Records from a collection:
####################
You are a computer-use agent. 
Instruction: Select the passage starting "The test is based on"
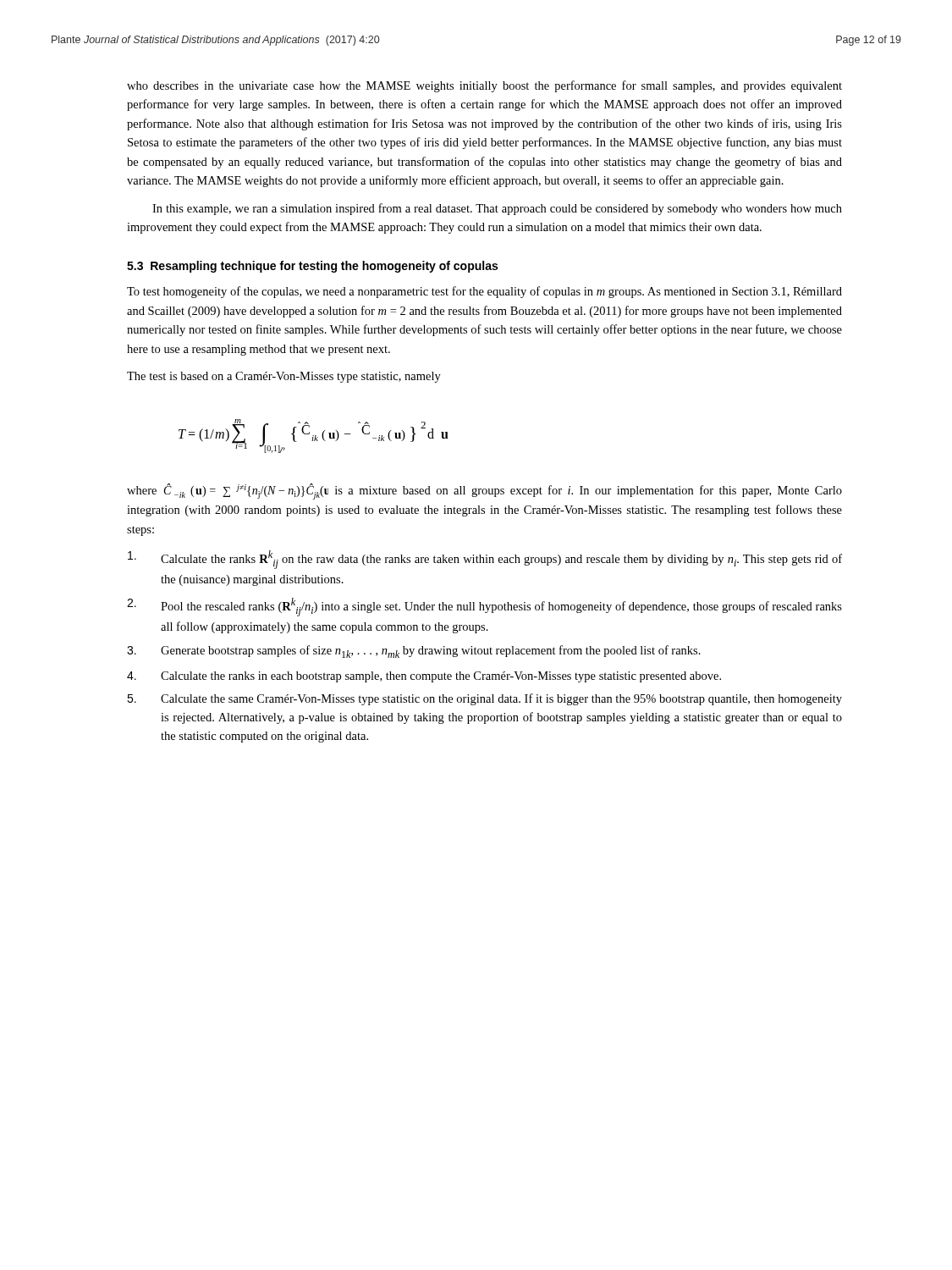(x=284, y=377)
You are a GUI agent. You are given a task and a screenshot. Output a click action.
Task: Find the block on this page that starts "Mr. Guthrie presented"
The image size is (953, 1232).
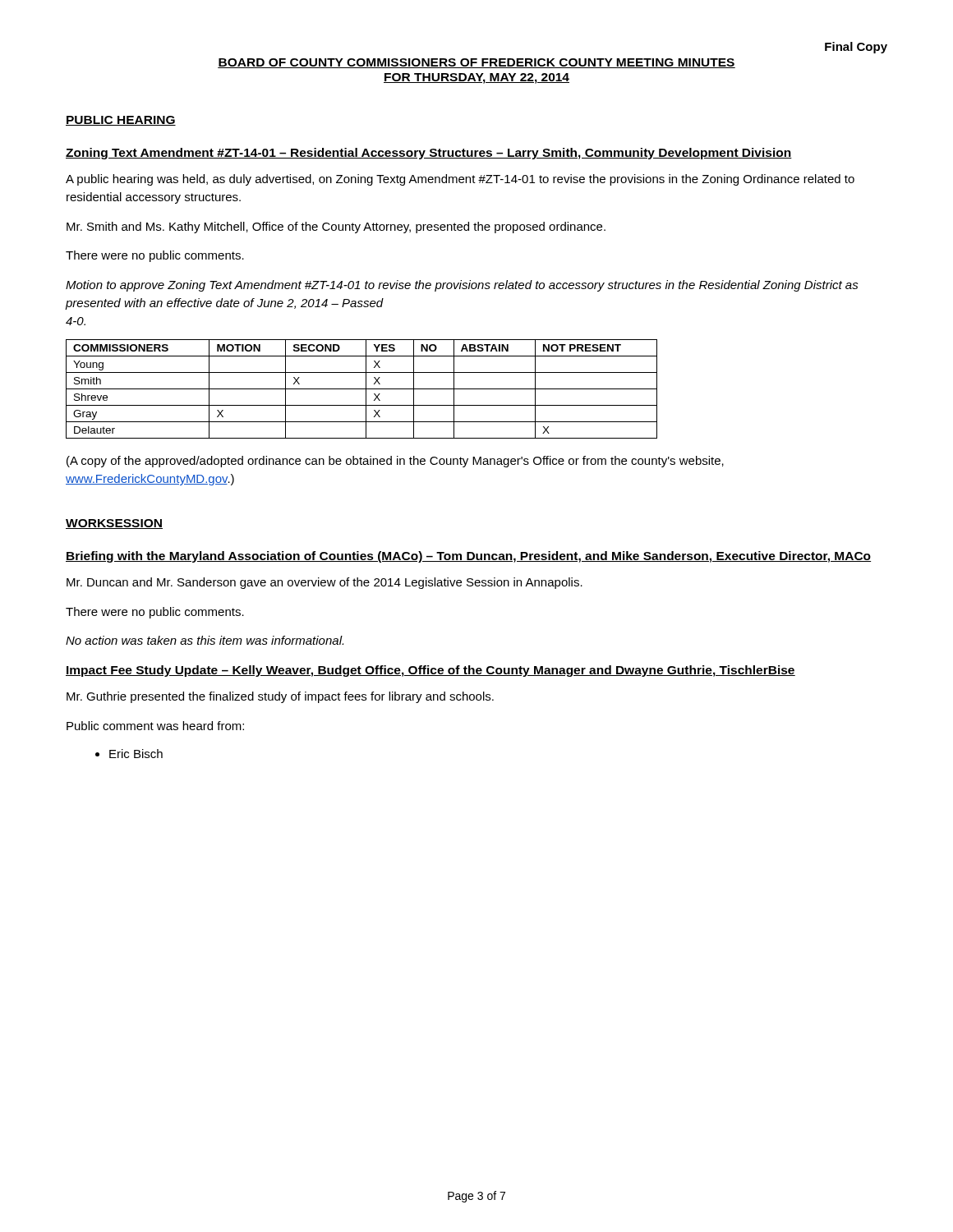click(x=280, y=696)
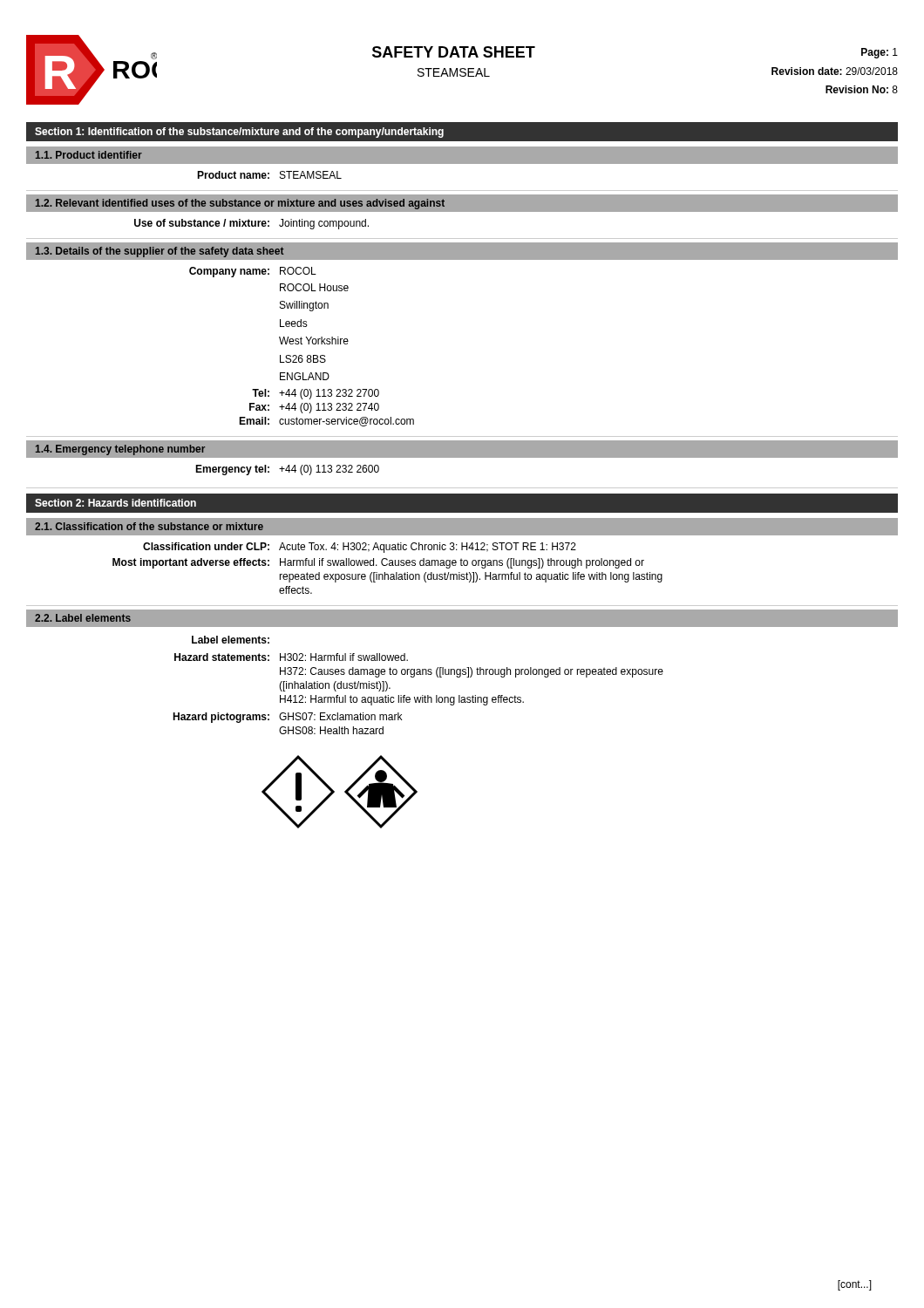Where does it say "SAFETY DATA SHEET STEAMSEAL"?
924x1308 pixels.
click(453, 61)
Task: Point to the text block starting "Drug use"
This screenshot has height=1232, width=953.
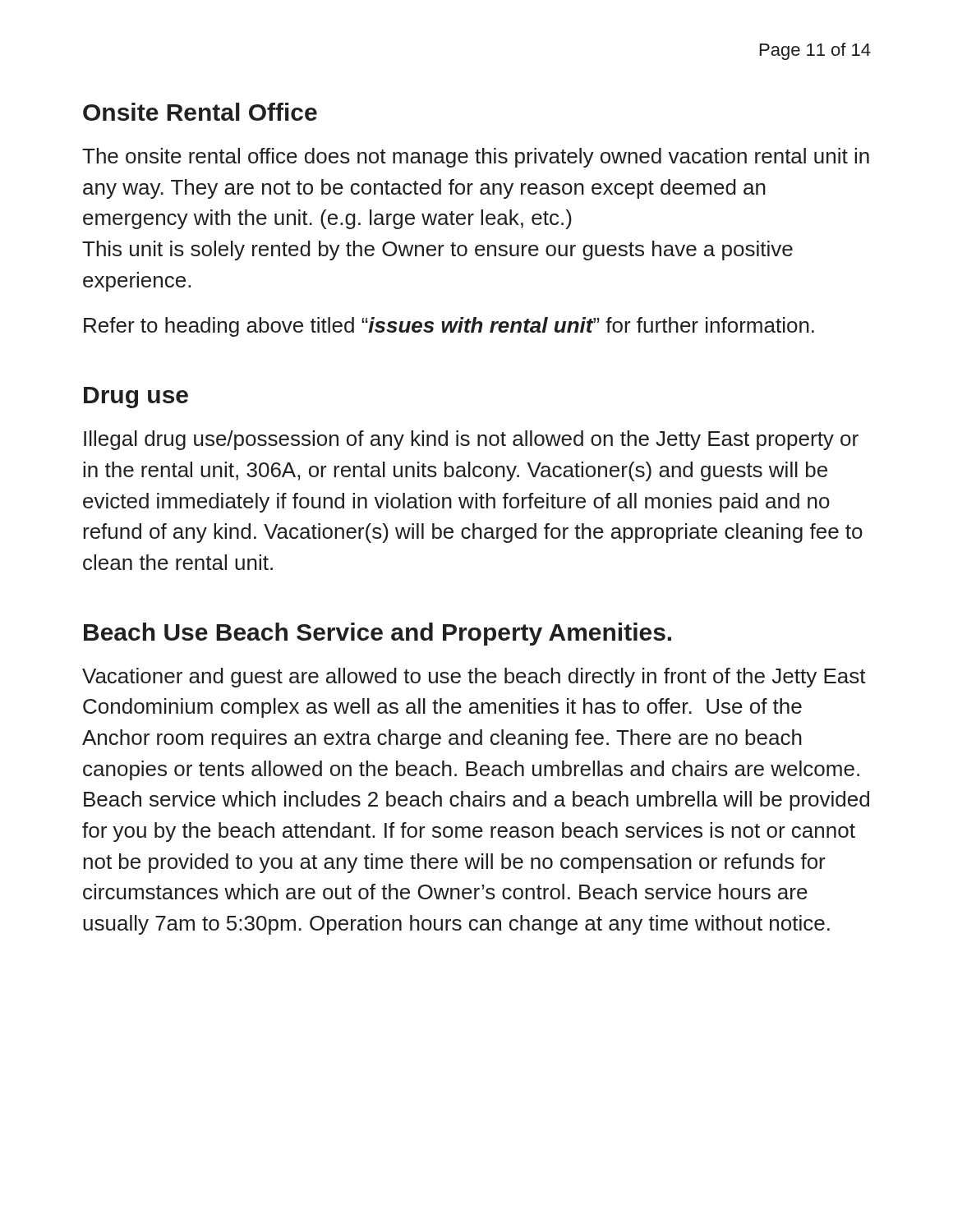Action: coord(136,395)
####################
Exercise instructions:
Reproduce all of the data exactly, omitting each picture it holds.

Answer space:
You are a computer-use agent. 
Instruction: Select the passage starting "The test is based on"
(x=284, y=377)
You are a GUI agent. You are given a task and a screenshot. Output a click action.
Task: Find the block on this page that starts "Mr. Guthrie presented"
The image size is (953, 1232).
click(x=280, y=696)
Where does it say "SAFETY DATA SHEET STEAMSEAL"?
924x1308 pixels.
click(453, 61)
Task: Point to the text block starting "Drug use"
This screenshot has height=1232, width=953.
Action: coord(136,395)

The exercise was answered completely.